Il passo dai domiciliari al carcere è stato breve, brevissimo, per Francesco Petrone, 43 anni, del rione Traiano. E ieri mattina, mentre l’uomo veniva condotto in cella, i suoi familiari hanno organizzato una manifestazione davanti al carcere di Poggioreale. La moglie, Carmen D’Angelo, ha raccontato la storia del marito stringendo tra le mani le cartelle cliniche e i referti medici che ricostruiscono il quadro di salute del 43enne, colpito ad aprile da un’ischemia cerebrale e già segnato dalle conseguenze di un grave incidente in moto avvenuto nel 2014. I familiari di Petrone si sono mostrati preoccupati per le condizioni di salute del detenuto.
Questa è una di quelle storie in cui si fa fatica a far combaciare perfettamente la risposta della giustizia con i diritti della persona. È una di quelle storie che apre il dibattito sul carcere, la tutela della salute all’interno delle strutture detentive, la certezza della pena, le misure restrittive.
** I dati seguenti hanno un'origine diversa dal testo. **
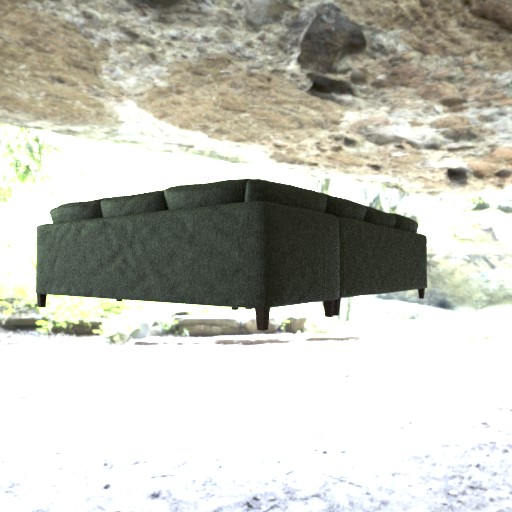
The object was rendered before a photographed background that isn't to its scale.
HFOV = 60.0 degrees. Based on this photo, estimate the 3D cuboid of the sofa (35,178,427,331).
[{"bbox_3d":[0.000,0.000,4.548,2.593,0.947,3.302,-1,-2,36],"label":"sofa"}]
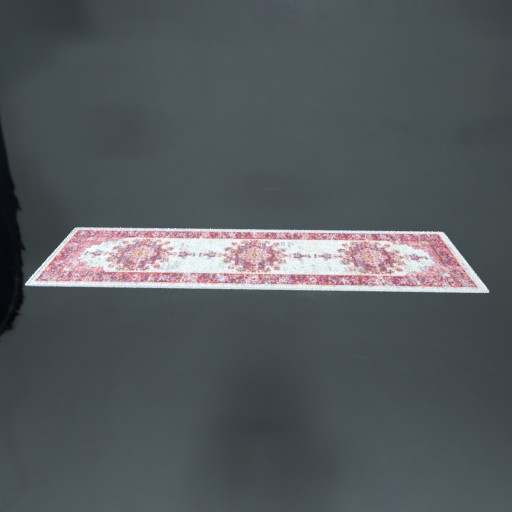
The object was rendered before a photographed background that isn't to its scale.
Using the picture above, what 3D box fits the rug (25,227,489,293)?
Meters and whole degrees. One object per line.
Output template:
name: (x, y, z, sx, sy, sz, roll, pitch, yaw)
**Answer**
rug: (0.000, 0.000, 2.470, 2.294, 0.011, 0.666, 1, 29, 1)
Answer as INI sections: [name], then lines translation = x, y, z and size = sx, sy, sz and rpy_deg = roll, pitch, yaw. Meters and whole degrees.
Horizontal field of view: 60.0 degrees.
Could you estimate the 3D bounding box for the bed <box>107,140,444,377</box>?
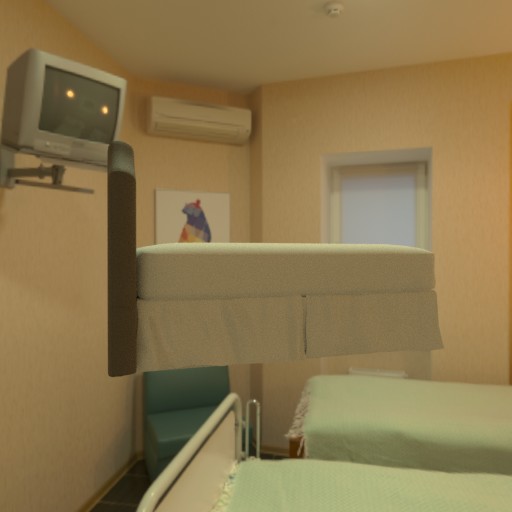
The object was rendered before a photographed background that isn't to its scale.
[bed]
translation = 0.000, 0.000, 3.436
size = 2.181, 1.297, 1.831
rpy_deg = 0, 0, -19
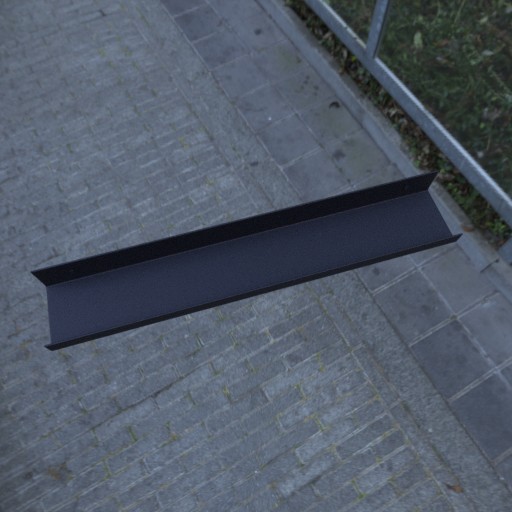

Di fronte alle rimostranze e alle preoccupazioni dei familiari, i vertici della casa circondariale cittadina hanno dato rassicurazioni spiegando che Petrone sarà curato durante la detenzione, che il protocollo terapeutico stabilito dai medici dell’ospedale sarà seguito anche all’interno della struttura penitenziaria.
Restano, tuttavia, non del tutto sfumate le ansie della moglie, la quale chiede che il marito venga trasferito in una struttura sanitaria. Petrone, accusato dagli inquirenti di essere un boss della droga al rione Traiano, è stato di recente condannato a 19 anni di carcere e oggi riceverà la visita del garante regionale dei detenuti Samuele Ciambriello e di quello napoletano Pietro Ioia.